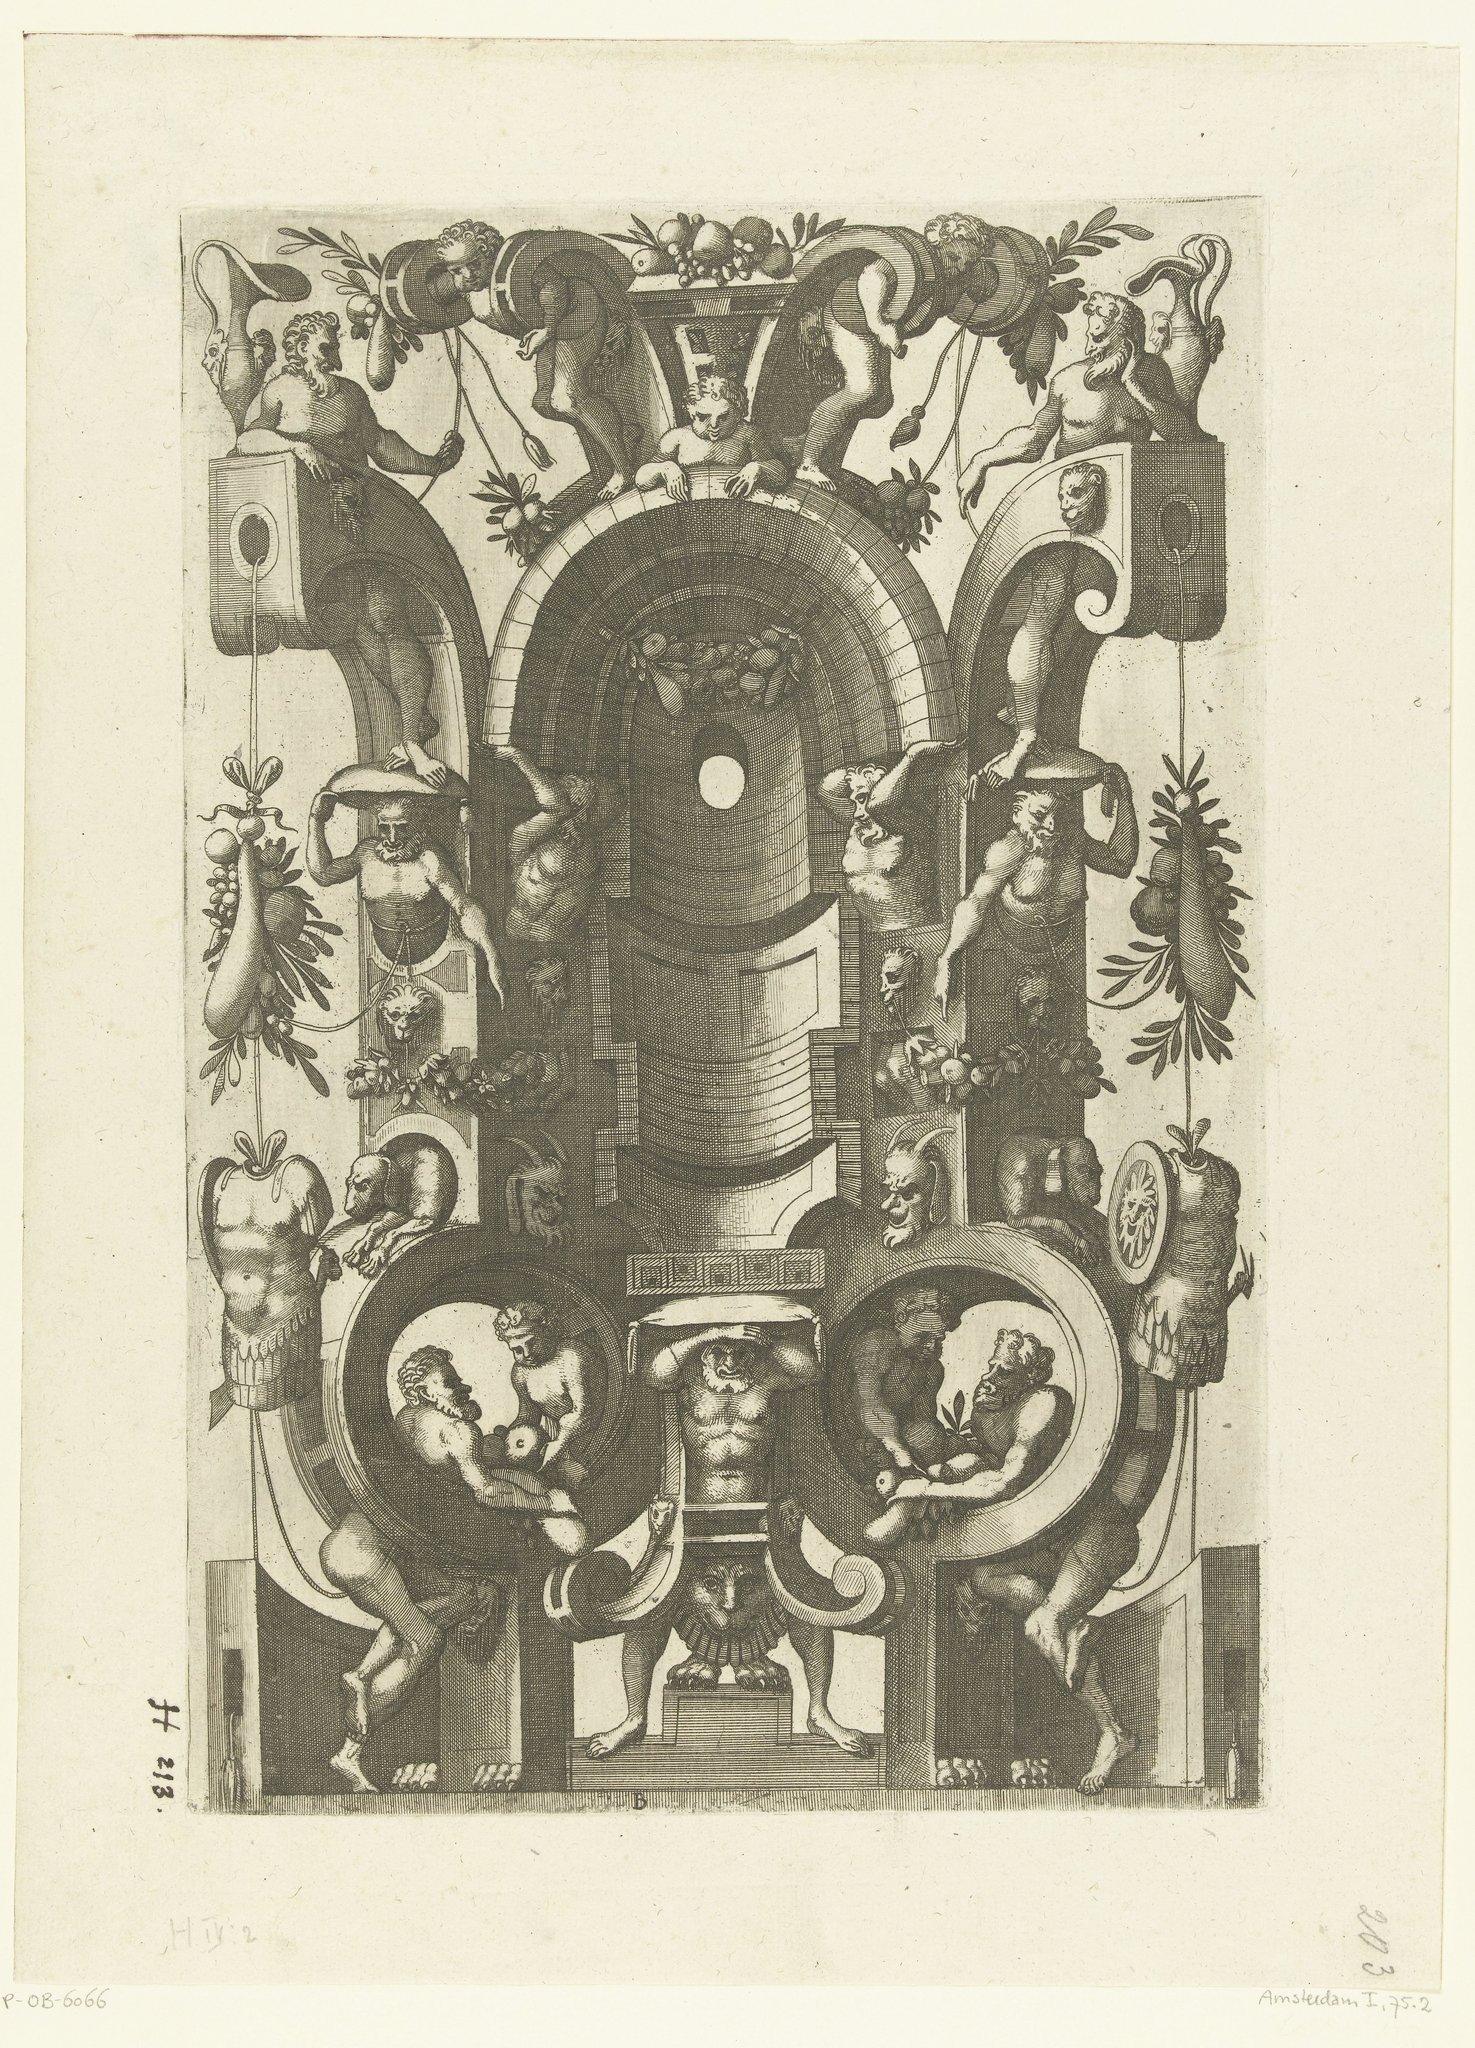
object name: print
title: Veelderleij Veranderinghe van grotissen ende Compertimenten (...)Libro Primo
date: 1556
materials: paper
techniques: etching
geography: netherlands
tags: ornament ~ grotesque, atlantes ~ architecture
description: Aan weerszijden van atlant rolwerk met voluut waar een man doorheen leunt. In de voluut een kind. Blad B afkomstig uit serie van 12 bladen, genummerd A-M van vlakdecoraties met grotesken met rolwerk, saters, guirlandes, trofeeën, dieren en fantasiewezens
+++
**EXERCISE:** Output the data above in full. Skip every picture.

**RESPONSE BOX:**
object name: print
title: Veelderleij Veranderinghe van grotissen ende Compertimenten (...)Libro Primo
date: 1556
materials: paper
techniques: etching
geography: netherlands
tags: ornament ~ grotesque, atlantes ~ architecture
description: Aan weerszijden van atlant rolwerk met voluut waar een man doorheen leunt. In de voluut een kind. Blad B afkomstig uit serie van 12 bladen, genummerd A-M van vlakdecoraties met grotesken met rolwerk, saters, guirlandes, trofeeën, dieren en fantasiewezens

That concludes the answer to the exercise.